_Work to complete:_
Bring together all lines of the material below that contain the string "query".
Given data Start Marker
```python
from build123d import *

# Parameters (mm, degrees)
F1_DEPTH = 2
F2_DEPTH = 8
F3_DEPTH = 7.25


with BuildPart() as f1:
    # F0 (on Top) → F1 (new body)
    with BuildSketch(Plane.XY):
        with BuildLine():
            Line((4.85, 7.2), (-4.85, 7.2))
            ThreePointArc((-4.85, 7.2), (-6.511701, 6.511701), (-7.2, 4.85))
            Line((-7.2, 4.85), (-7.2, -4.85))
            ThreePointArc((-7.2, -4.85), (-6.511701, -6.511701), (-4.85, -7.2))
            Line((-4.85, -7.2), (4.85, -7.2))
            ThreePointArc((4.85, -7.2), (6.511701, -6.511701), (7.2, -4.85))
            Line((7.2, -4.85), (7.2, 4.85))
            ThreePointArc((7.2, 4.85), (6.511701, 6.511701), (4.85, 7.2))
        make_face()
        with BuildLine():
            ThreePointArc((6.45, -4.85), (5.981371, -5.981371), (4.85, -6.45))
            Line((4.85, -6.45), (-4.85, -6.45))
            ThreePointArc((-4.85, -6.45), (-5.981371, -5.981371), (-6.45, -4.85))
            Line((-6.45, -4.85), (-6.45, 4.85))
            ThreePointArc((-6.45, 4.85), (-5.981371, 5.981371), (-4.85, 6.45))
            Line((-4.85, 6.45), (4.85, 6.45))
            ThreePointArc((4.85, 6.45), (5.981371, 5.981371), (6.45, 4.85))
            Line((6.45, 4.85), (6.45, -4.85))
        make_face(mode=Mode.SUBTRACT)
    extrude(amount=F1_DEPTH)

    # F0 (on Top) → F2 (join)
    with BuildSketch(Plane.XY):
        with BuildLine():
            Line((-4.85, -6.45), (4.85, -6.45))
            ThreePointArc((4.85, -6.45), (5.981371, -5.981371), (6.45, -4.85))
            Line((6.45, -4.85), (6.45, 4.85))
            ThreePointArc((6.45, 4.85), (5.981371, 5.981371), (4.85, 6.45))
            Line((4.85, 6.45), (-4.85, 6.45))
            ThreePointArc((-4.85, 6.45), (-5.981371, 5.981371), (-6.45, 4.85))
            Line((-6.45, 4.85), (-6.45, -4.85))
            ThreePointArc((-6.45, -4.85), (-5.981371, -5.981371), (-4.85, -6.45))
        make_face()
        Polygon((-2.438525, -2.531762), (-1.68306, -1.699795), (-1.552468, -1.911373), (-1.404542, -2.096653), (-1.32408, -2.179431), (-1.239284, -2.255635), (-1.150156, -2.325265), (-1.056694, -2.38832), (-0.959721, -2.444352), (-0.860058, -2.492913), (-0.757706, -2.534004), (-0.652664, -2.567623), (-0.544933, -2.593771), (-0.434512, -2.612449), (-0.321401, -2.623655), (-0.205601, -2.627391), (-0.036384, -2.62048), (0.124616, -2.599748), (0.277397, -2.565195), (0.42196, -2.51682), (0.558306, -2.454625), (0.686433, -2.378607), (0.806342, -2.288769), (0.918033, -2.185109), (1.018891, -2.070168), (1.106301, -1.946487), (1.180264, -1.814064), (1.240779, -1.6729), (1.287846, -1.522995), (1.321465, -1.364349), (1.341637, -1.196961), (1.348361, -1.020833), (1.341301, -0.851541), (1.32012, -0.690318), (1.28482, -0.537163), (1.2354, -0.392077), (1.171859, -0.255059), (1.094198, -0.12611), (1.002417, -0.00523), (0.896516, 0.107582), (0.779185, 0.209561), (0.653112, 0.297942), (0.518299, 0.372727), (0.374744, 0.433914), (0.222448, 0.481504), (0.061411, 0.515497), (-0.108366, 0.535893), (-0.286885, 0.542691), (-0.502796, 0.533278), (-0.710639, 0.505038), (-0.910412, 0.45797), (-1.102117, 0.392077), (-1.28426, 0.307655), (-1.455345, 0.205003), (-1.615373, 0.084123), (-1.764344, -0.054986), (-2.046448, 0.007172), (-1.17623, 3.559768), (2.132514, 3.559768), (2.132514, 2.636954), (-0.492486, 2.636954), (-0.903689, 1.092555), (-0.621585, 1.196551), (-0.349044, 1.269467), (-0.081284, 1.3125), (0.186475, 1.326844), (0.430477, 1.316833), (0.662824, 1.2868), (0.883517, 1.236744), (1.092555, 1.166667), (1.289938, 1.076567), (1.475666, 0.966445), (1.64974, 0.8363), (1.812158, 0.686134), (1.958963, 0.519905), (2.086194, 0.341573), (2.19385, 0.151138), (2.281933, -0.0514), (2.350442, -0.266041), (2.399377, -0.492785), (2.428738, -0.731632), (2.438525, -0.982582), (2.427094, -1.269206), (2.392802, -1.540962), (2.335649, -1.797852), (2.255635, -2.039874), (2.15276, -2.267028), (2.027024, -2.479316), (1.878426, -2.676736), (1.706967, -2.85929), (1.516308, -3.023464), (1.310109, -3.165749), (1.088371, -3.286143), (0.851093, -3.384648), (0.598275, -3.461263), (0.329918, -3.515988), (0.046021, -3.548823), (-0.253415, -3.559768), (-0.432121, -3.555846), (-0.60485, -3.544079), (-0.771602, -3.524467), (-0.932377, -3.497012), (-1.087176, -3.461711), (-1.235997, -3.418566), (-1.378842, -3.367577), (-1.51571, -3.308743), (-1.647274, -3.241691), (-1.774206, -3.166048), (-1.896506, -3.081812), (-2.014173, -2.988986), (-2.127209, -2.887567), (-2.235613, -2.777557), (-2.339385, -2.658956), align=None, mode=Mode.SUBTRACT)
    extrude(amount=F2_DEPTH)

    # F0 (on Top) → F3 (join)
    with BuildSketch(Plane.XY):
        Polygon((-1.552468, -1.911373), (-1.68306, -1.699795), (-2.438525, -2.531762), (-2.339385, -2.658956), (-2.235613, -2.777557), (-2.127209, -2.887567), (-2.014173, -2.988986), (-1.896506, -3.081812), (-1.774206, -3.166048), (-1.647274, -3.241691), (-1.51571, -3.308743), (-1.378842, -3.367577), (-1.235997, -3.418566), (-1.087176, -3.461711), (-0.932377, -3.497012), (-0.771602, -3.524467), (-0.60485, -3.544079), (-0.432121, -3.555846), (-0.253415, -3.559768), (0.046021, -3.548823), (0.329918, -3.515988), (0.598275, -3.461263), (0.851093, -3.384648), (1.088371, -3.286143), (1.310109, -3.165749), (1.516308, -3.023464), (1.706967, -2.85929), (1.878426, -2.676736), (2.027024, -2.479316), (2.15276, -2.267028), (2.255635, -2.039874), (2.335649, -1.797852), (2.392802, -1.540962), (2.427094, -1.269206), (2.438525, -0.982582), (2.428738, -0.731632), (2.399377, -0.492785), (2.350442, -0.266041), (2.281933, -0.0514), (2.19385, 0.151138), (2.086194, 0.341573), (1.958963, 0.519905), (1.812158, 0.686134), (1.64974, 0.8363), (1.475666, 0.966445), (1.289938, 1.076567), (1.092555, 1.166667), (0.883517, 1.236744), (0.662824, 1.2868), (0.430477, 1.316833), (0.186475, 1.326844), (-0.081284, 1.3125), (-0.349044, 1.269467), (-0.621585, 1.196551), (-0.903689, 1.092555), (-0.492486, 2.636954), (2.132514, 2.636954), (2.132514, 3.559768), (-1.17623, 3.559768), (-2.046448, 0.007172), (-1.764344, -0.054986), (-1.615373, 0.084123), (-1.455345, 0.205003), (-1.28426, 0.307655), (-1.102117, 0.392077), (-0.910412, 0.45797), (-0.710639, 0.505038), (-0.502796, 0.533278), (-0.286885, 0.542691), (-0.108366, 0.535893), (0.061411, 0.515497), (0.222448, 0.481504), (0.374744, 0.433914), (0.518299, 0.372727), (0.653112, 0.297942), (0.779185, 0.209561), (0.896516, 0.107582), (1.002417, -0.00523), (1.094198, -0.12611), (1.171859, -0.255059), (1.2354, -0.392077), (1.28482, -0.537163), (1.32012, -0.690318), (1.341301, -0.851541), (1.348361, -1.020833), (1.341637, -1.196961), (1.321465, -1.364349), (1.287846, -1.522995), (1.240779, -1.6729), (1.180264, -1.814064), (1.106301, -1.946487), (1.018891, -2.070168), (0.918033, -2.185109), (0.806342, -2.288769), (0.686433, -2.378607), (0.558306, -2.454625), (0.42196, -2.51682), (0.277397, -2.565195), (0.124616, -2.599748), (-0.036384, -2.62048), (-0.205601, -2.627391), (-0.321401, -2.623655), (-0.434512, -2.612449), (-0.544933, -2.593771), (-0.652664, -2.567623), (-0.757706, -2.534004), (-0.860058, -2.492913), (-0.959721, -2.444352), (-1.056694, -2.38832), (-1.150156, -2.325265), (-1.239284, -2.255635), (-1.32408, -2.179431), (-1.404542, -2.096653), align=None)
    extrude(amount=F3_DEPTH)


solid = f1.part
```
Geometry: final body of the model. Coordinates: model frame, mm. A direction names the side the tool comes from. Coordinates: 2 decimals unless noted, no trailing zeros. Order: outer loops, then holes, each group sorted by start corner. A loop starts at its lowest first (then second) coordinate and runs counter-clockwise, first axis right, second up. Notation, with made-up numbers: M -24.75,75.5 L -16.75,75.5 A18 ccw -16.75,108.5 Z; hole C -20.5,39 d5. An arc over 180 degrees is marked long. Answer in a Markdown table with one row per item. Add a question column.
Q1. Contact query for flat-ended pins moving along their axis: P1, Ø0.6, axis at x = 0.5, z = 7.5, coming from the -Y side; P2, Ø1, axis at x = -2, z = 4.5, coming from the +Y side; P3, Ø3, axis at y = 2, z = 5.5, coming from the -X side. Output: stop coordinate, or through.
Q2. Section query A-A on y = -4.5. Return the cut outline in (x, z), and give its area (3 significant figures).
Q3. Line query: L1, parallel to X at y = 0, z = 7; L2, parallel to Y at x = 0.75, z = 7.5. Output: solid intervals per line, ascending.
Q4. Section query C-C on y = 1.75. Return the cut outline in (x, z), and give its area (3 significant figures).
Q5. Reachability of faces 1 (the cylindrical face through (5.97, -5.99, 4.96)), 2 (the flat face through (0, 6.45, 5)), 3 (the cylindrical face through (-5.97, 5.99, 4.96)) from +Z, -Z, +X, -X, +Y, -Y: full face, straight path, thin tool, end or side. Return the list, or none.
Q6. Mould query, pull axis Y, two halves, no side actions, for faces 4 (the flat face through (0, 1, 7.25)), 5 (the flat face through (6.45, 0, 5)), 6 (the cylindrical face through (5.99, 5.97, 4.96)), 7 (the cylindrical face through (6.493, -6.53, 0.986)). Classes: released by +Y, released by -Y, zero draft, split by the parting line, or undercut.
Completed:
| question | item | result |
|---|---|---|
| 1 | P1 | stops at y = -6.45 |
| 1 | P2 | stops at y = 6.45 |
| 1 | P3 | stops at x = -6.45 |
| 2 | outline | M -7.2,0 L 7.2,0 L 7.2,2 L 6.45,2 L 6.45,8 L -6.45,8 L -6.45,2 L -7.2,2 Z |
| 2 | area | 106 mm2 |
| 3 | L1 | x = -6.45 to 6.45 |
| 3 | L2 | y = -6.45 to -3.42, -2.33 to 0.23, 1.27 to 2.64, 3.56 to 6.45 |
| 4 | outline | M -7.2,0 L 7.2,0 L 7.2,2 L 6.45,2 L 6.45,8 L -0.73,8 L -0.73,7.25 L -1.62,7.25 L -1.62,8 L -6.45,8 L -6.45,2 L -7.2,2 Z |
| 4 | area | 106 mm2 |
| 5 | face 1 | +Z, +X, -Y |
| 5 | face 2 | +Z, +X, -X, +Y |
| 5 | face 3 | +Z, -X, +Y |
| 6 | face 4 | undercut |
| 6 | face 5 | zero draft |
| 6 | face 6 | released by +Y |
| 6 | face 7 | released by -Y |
Given data End Marker
_Answer box:_
Q1. Contact query for flat-ended pins moving along their axis: P1, Ø0.6, axis at x = 0.5, z = 7.5, coming from the -Y side; P2, Ø1, axis at x = -2, z = 4.5, coming from the +Y side; P3, Ø3, axis at y = 2, z = 5.5, coming from the -X side. Output: stop coordinate, or through.
Q2. Section query A-A on y = -4.5. Return the cut outline in (x, z), and give its area (3 significant figures).
Q3. Line query: L1, parallel to X at y = 0, z = 7; L2, parallel to Y at x = 0.75, z = 7.5. Output: solid intervals per line, ascending.
Q4. Section query C-C on y = 1.75. Return the cut outline in (x, z), and give its area (3 significant figures).
Q6. Mould query, pull axis Y, two halves, no side actions, for faces 4 (the flat face through (0, 1, 7.25)), 5 (the flat face through (6.45, 0, 5)), 6 (the cylindrical face through (5.99, 5.97, 4.96)), 7 (the cylindrical face through (6.493, -6.53, 0.986)). Classes: released by +Y, released by -Y, zero draft, split by the parting line, or undercut.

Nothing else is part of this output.